Hello /sci/.
Here's the deal. I'm working in something real nice. And I'm hitting a computational power block. Basically, I need to multiply polynomials fast, and I can't risk losing accuracy. The polynomials have about 10^5 or so terms, 15 variables and are of degree about 10~20 in each variable.
For this matter I was considering FFT, which seems no good because of precision problems, and NTT and Karatsuba, which don't seem to improve anything with such sparse polynomials.
So, what would you do sci?
did you try wolfram alpha?
>>8226126
I have tried mathematica, yes. Simple "solve and eliminate", groebner bases, and an old implementation of Wu-Ritt. It falls quite short. I made my own C++ implementation with Wu-Ritt but it's struggling.
Have you considered overclocking your computer?
It might help.
>>8226168
a constant improvement like that isn't going to help. i'm going to need at least sqrt(n) improvements or so
Why would FFT have precision problems?
Quick tip for writing some hella efficient code to further combat your problem. Use assembley language.
>>8226270
assembly is easy
How about you show us how you are calculating it now?
I might be completely off base because I haven't looked this kind of thing but improving time by a factor of sqrt(n) sounds like a lot. Have you considered cuda or renting amazon cpu time and doing it in parallel?
>>8227416
Katarsuba is a sqrt(n) improvement usually, but with very sparse polynomials, especially multivariate ones, it doesn't help at all
I did consider using GPU and parallelization techniques. I'm installing intel OpenCL right now and I'll see how much improvement I can get.
>>8227421
You probably know this but if a cheap gpu does well, a more expensive one will do quite a bit better. Titan X has 3k cores. Good luck anon.
>>8227437
>Hello /g/, requesting the Gaming Rig guide :^)
>>8227442
That's legit not like me at all. I come on this site maybe 30 mins a week and half the time I post I fuck up and I get shit like this. Is there a problem with small posts like i did here if I think it can help someone?
>>8227465
your post was good, the reply was good-mannered banter.
lighten up bro
>>8227467
Righto no worries then.
>>8227421
can you tell more about how you use karatsuba for multivariate polynomials? i don't see why it would work badly
Let's say i have polynomials P and Q in variables x, y1, ... yk, with degree 2n in variable x
then i forget about all the other variables, write P = Ax^n + B, Q=Cx^n + D, and proceed as usually. also choose different variables when iterating
>>8227501
yes, the fact that the polynomials are multivariate itself is not that big of a blunder
the problem is how sparse they are. for example, at one point I have polynomials P with 5000 terms, Q with 500 terms, ,and I get polynomial P*Q with 250 000 terms. on average, there are 10 terms summed up per monomial in the answer. this isn't what you expect. the speedup for single variable happens because, if you have polynomials P of degree n and Q of degree m, the answer will have n*m terms and degree n+m. So terms will "collide" a lot and a lot of sums are involved.

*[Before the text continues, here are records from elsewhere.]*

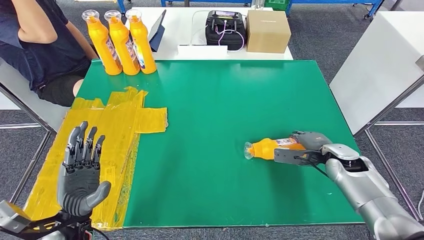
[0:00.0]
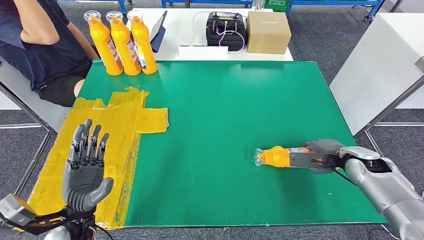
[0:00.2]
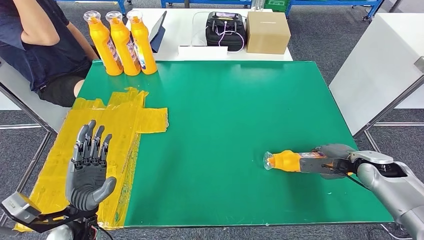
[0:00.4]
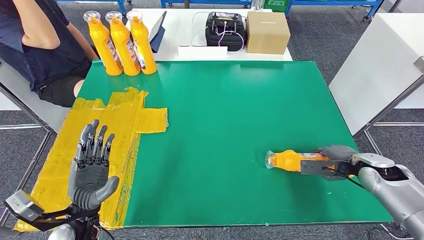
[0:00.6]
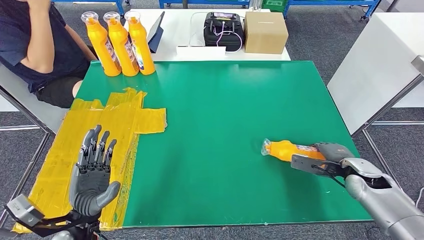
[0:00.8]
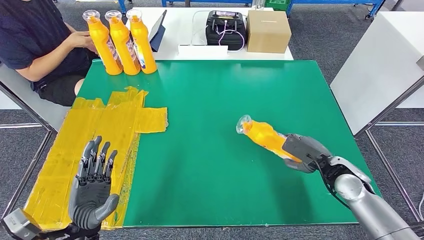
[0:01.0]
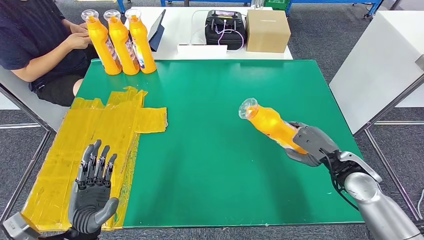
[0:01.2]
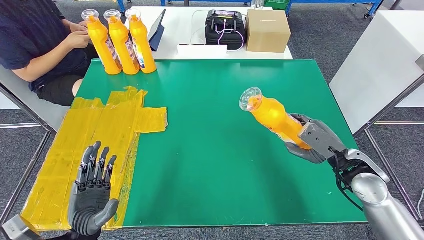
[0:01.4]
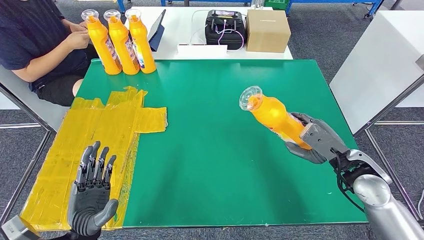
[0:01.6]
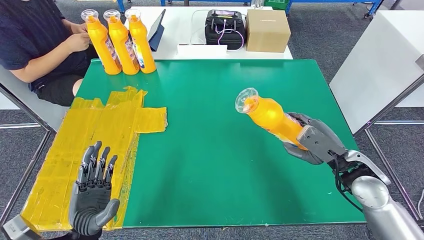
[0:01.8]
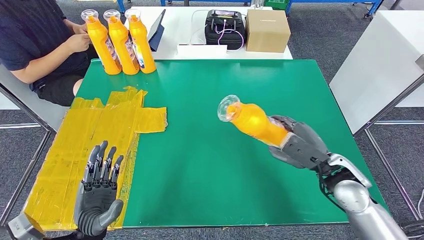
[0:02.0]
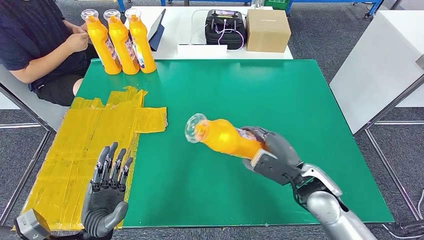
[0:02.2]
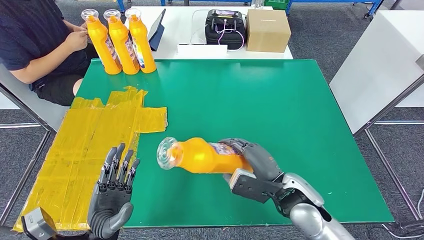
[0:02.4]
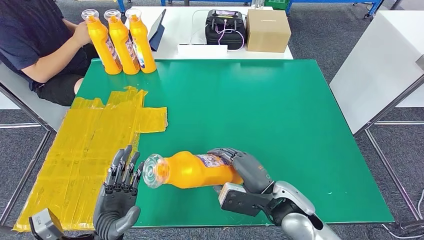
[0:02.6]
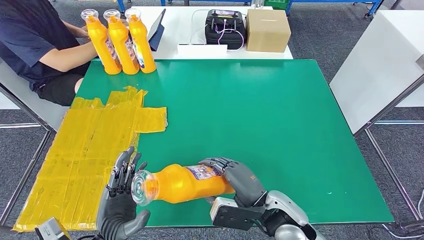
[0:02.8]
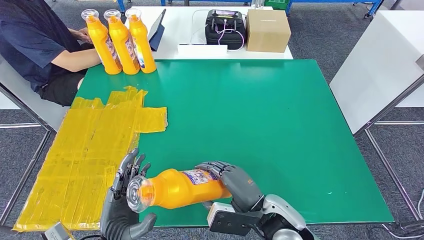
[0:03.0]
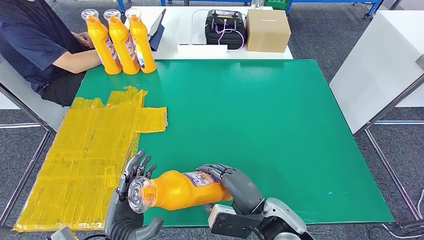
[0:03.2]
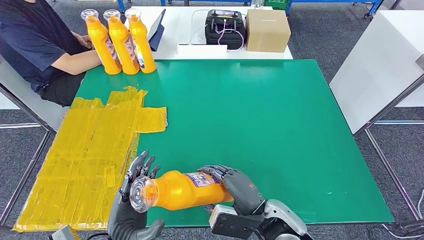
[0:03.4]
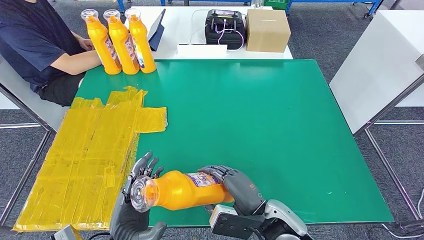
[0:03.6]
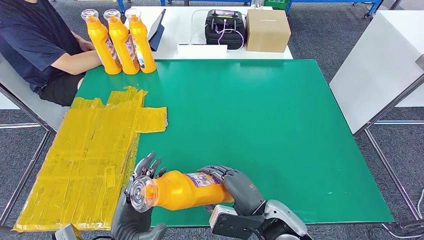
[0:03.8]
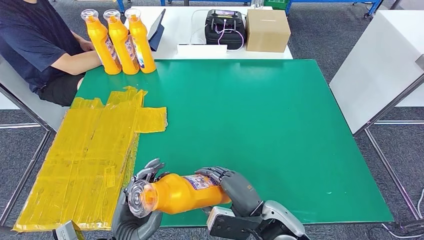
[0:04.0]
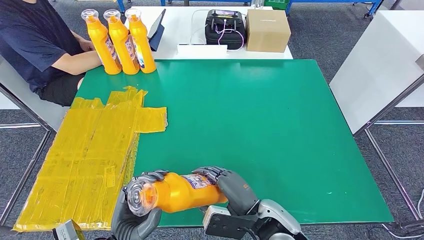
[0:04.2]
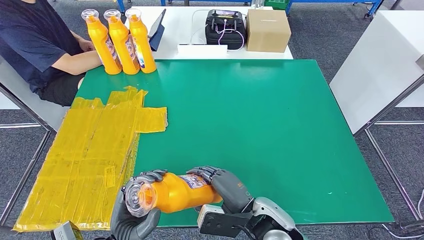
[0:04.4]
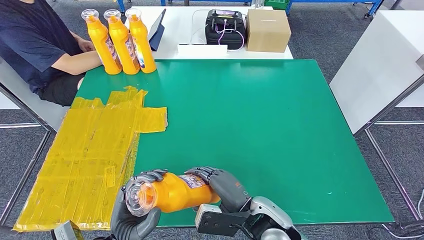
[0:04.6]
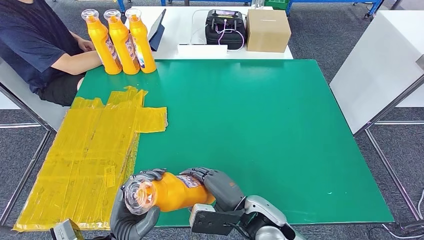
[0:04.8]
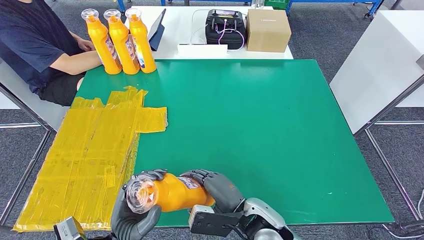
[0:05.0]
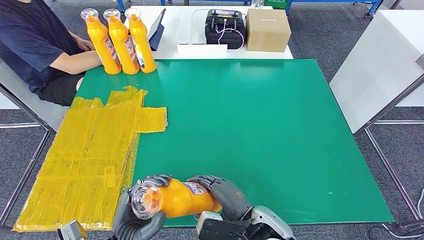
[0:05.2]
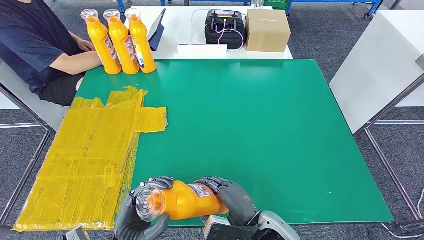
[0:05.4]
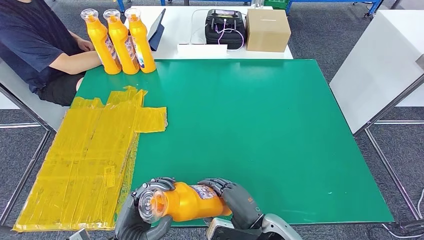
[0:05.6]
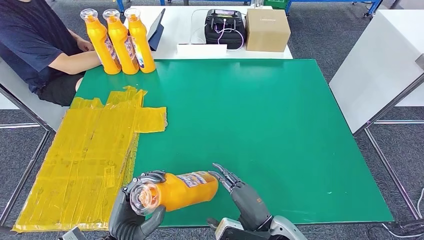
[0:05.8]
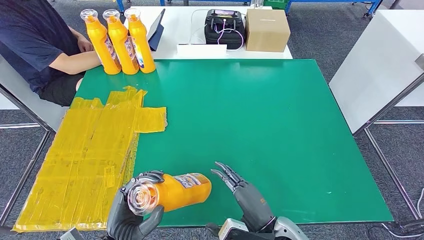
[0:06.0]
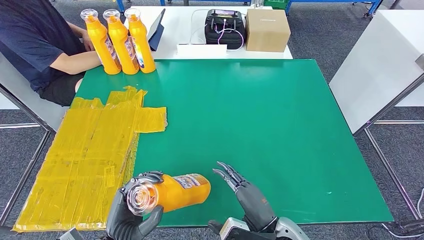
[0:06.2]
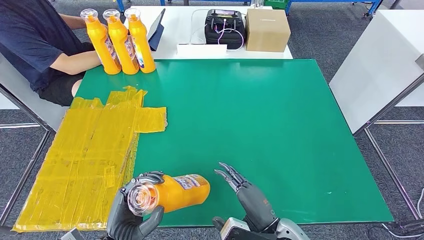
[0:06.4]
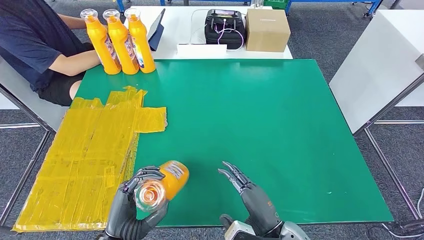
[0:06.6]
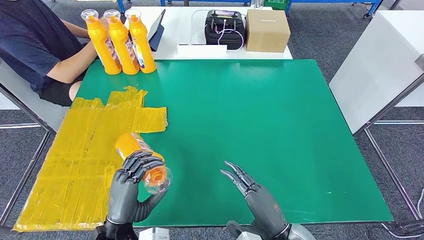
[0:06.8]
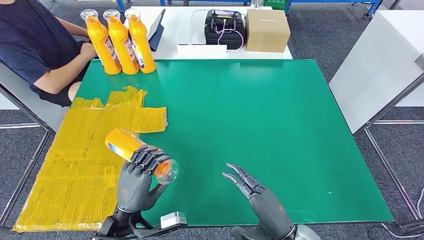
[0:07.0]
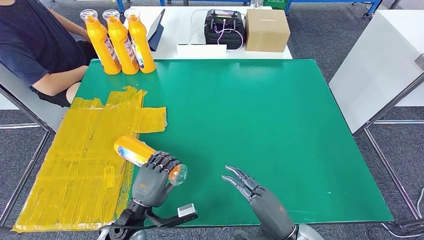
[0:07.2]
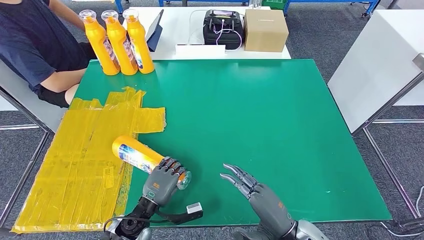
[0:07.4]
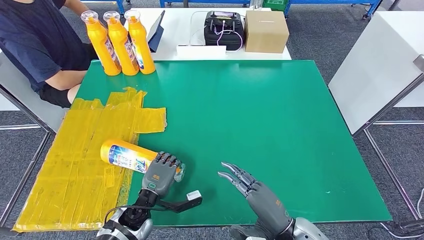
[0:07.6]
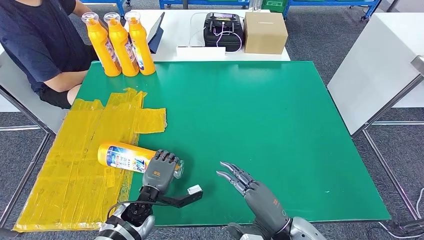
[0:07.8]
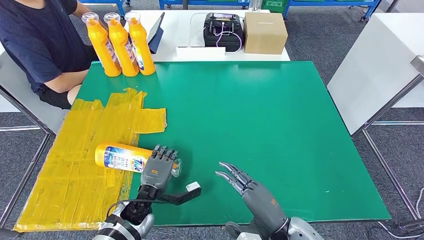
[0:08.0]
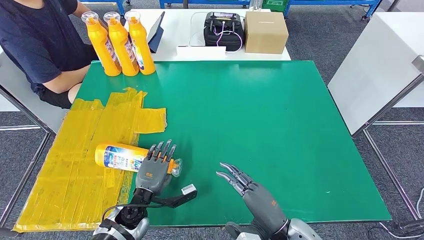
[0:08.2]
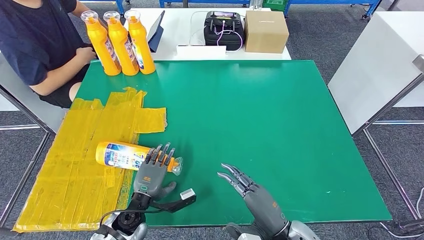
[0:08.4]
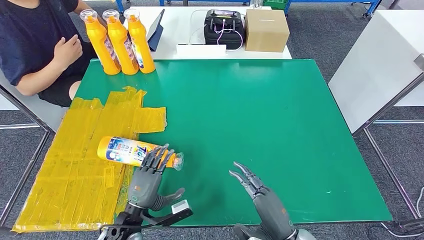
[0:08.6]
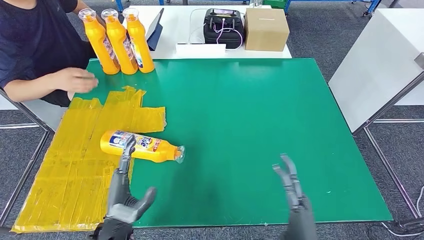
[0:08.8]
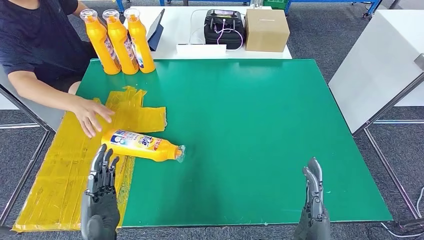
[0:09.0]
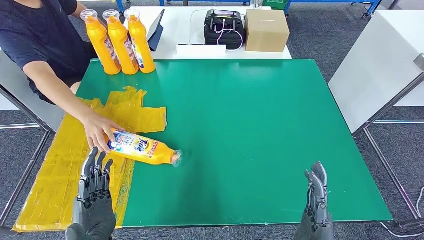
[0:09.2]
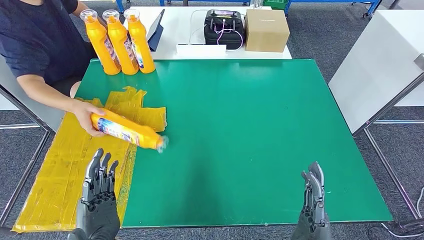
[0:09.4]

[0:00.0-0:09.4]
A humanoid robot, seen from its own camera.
Step, 0:00.0 to 0:03.8: Pick up the fast-moving consumer goods bottle from the table.
Step, 0:04.0 to 0:09.4: Flip the fast-moving consumer goods bottle to the front side.
0:00.0 to 0:01.6: The right hand goes approximately 10 cm upward and backward, and moves about 10 cm to the right and comes back.
0:03.2 to 0:04.8: The hands stay close to where they were, moving slightly.
0:04.8 to 0:06.2: The right hand goes some 5 cm to the right.

the sparcity, again, is huge. there are 16 variables of degree about 5 or more. this means 5^16 (about 10^11) possible terms, with only about 10^3 of them being populated.
>>8226136
Are you leveraging your GPU using a library like, for example, CUDA?
>>8227670
...no
how do I into gpu
>>8227776
Continuing with the Nvidia/CUDA example since that is what I am currently working with:
https://developer.nvidia.com/how-to-cuda-c-cpp
>>8226126
wew lad
>>8227932
i dont have an nvidia card though, I guess it's OpenCL for intel?
>>8228213
OpenCL should work fine and there are those that will argue that it is a better idea. I've been using the CUDA toolkit for years now and it is comfy to me. Just pick whatever works with your hardware and run with it.